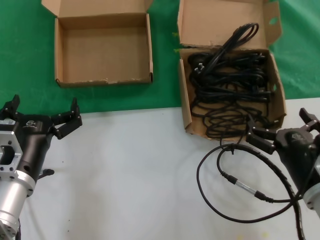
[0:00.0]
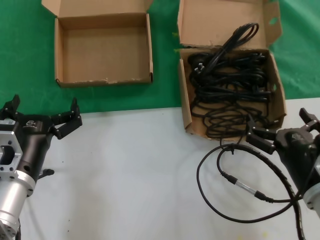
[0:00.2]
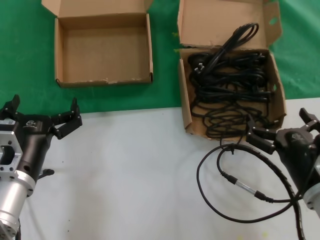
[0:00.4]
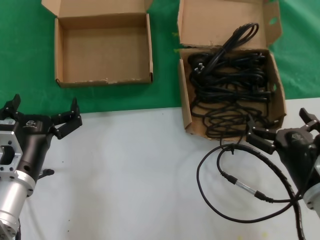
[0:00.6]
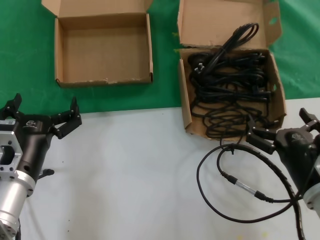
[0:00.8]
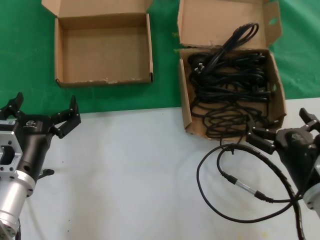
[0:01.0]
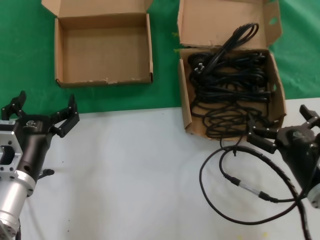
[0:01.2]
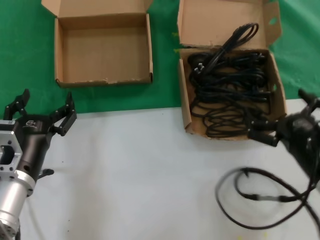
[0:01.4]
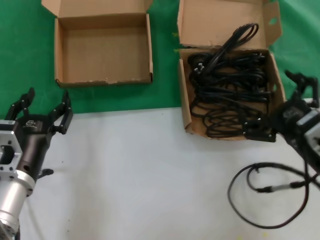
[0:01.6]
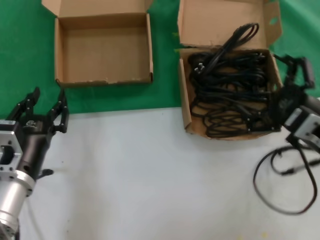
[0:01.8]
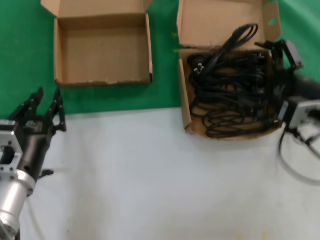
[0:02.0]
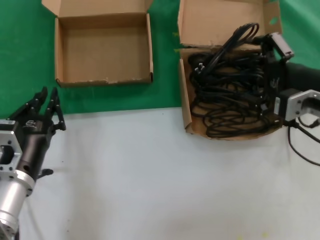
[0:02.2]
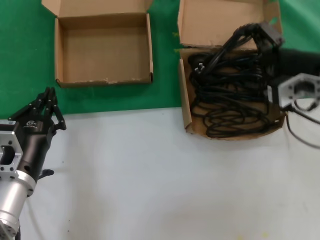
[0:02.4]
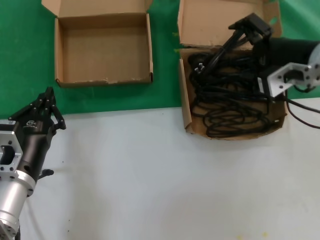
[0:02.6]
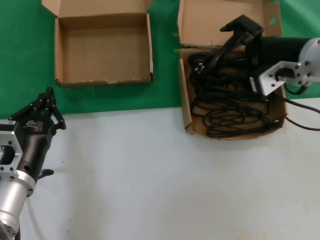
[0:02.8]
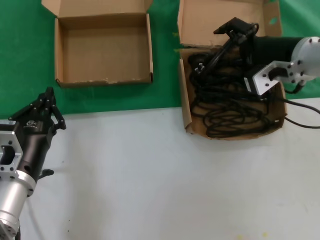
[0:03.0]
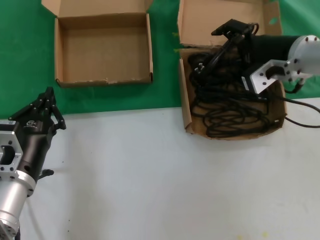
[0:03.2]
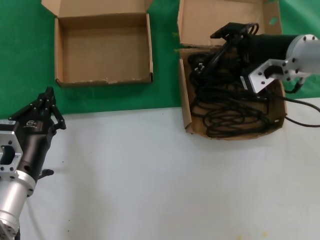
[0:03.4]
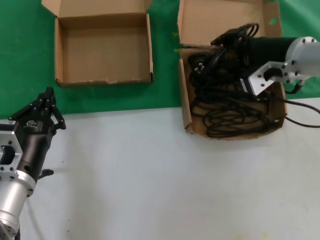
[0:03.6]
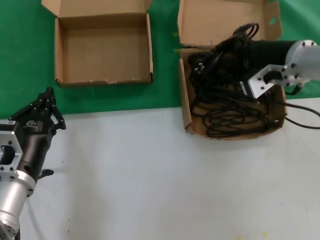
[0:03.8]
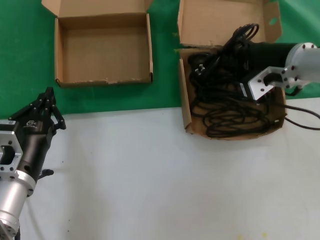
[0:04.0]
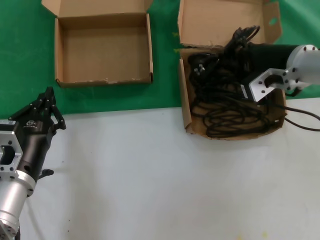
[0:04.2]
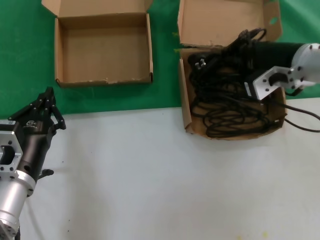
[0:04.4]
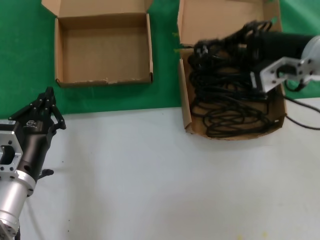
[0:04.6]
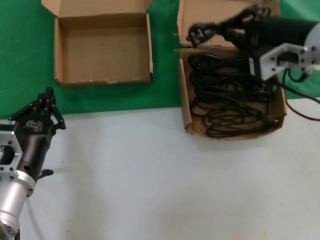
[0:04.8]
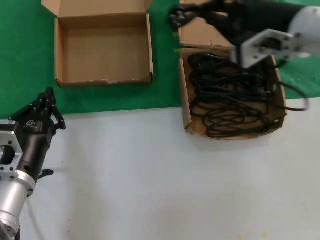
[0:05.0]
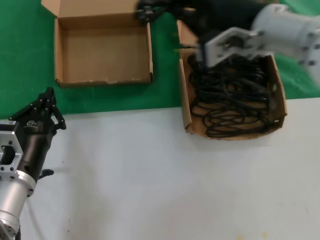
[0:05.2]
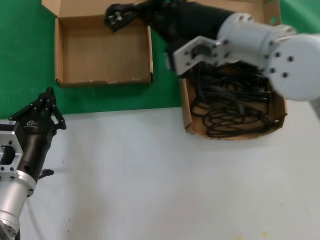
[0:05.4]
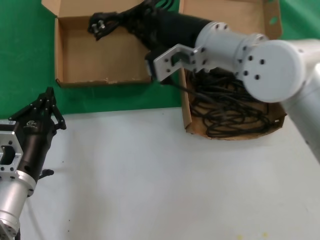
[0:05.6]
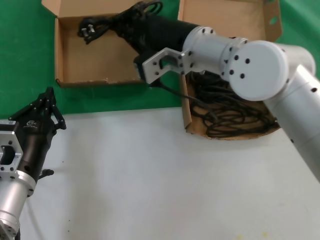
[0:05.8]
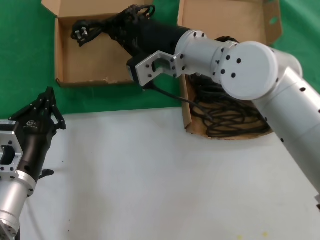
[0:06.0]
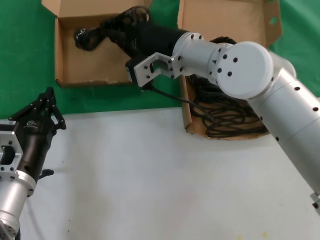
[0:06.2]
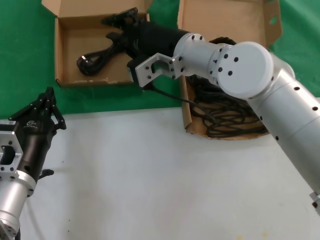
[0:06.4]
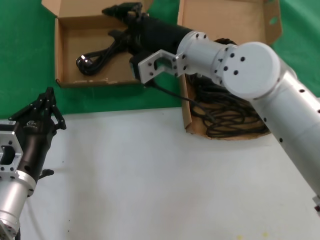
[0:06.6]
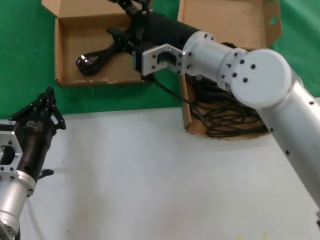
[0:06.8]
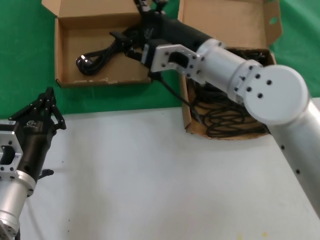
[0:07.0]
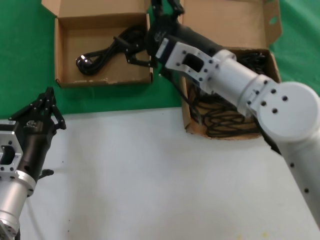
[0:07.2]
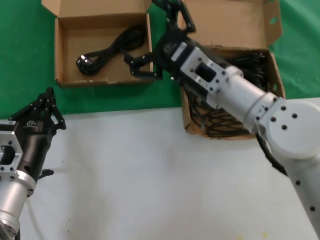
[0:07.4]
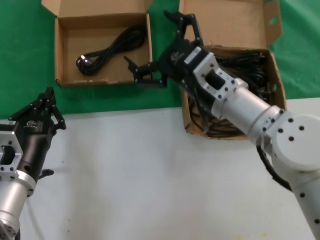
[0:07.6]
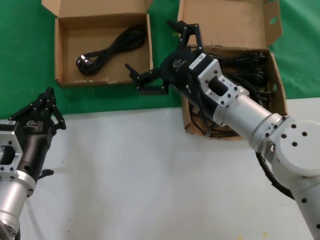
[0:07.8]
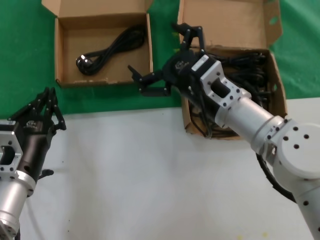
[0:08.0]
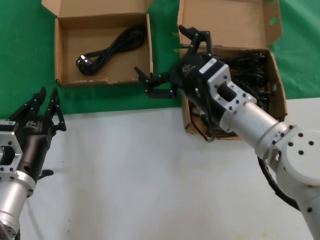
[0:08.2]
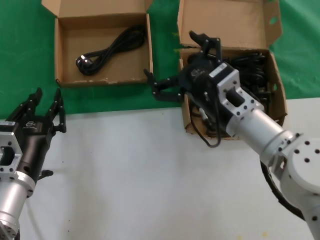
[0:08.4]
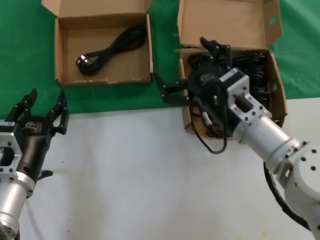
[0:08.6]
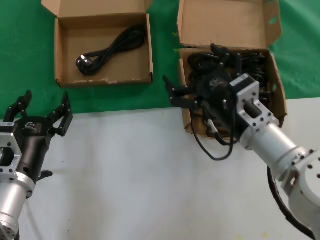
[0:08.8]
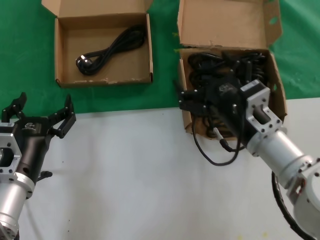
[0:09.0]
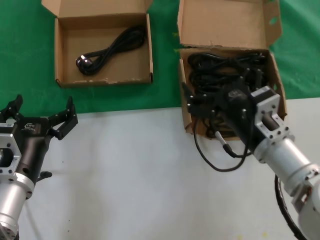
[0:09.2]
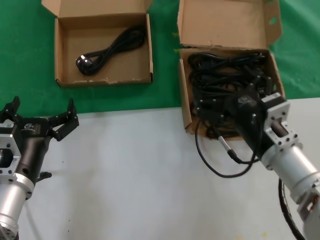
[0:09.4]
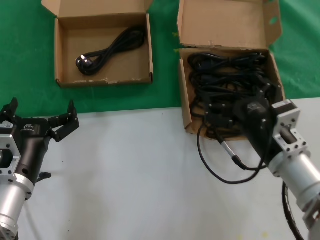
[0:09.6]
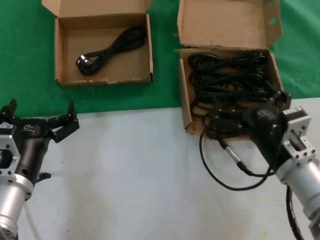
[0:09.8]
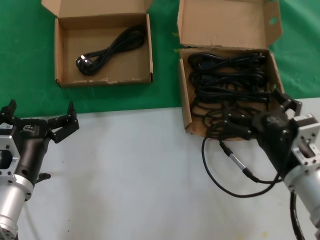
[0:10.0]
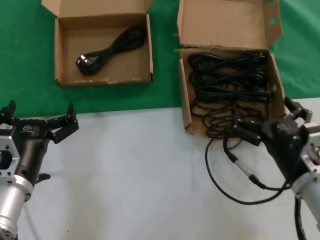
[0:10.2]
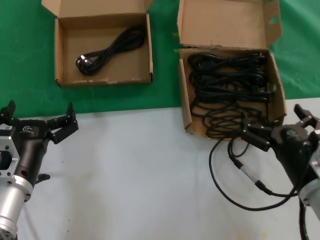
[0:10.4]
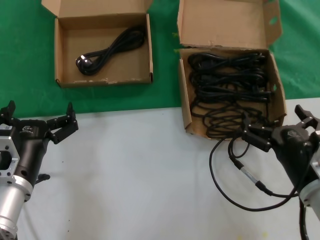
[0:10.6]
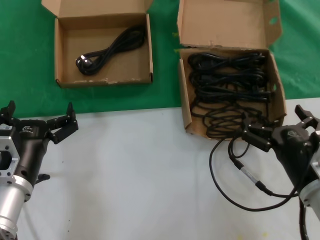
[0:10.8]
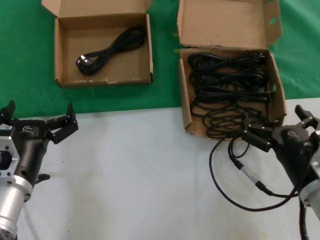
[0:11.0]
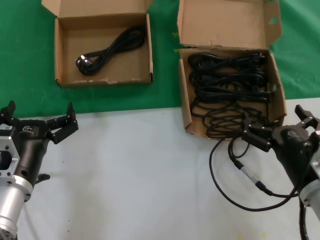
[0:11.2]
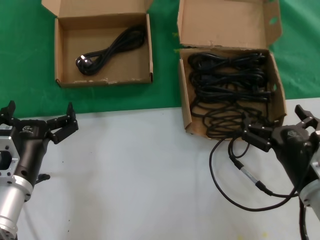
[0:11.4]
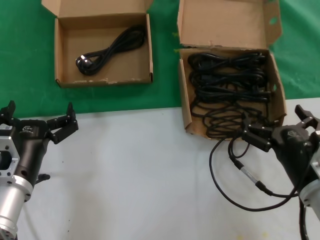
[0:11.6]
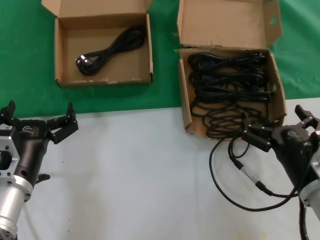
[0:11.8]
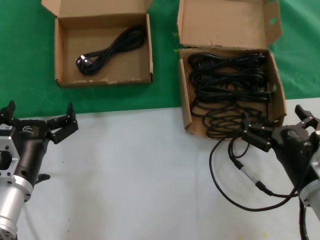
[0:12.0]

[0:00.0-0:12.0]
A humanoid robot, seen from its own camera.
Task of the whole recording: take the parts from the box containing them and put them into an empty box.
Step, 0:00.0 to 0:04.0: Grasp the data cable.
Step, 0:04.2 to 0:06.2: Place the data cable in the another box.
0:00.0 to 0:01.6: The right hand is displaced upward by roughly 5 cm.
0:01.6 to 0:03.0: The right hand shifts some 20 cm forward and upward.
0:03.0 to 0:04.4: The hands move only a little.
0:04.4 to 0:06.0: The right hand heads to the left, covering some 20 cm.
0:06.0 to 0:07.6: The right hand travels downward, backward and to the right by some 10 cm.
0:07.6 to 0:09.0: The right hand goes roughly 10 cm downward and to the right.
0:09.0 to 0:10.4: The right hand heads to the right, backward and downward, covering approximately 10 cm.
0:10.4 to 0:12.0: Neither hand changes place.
——————
■ Task details ■
Return all entries preceding this task exactly as they stand, leaving any picture out.

■ Answer area ■
[0:00.0]
[0:00.2]
[0:00.4]
[0:00.6]
[0:00.8]
[0:01.0]
[0:01.2]
[0:01.4]
[0:01.6]
[0:01.8]
[0:02.0]
[0:02.2]
[0:02.4]
[0:02.6]
[0:02.8]
[0:03.0]
[0:03.2]
[0:03.4]
[0:03.6]
[0:03.8]
[0:04.0]
[0:04.2]
[0:04.4]
[0:04.6]
[0:04.8]
[0:05.0]
[0:05.2]
[0:05.4]
[0:05.6]
[0:05.8]
[0:06.0]
[0:06.2]
[0:06.4]
[0:06.6]
[0:06.8]
[0:07.0]
[0:07.2]
[0:07.4]
[0:07.6]
[0:07.8]
[0:08.0]
[0:08.2]
[0:08.4]
[0:08.6]
[0:08.8]
[0:09.0]
[0:09.2]
[0:09.4]
[0:09.6]
[0:09.8]
[0:10.0]
[0:10.2]
[0:10.4]
[0:10.6]
[0:10.8]
[0:11.0]
[0:11.2]
[0:11.4]
[0:11.6]
[0:11.8]
[0:12.0]

[0:00.0-0:12.0]
A humanoid robot, seen from its own camera.
Task of the whole recording: take the parts from the box containing them and put them into an empty box.
Step, 0:00.0 to 0:04.0: Grasp the data cable.
Step, 0:04.2 to 0:06.2: Place the data cable in the another box.
0:00.0 to 0:01.6: The right hand is displaced upward by roughly 5 cm.
0:01.6 to 0:03.0: The right hand shifts some 20 cm forward and upward.
0:03.0 to 0:04.4: The hands move only a little.
0:04.4 to 0:06.0: The right hand heads to the left, covering some 20 cm.
0:06.0 to 0:07.6: The right hand travels downward, backward and to the right by some 10 cm.
0:07.6 to 0:09.0: The right hand goes roughly 10 cm downward and to the right.
0:09.0 to 0:10.4: The right hand heads to the right, backward and downward, covering approximately 10 cm.
0:10.4 to 0:12.0: Neither hand changes place.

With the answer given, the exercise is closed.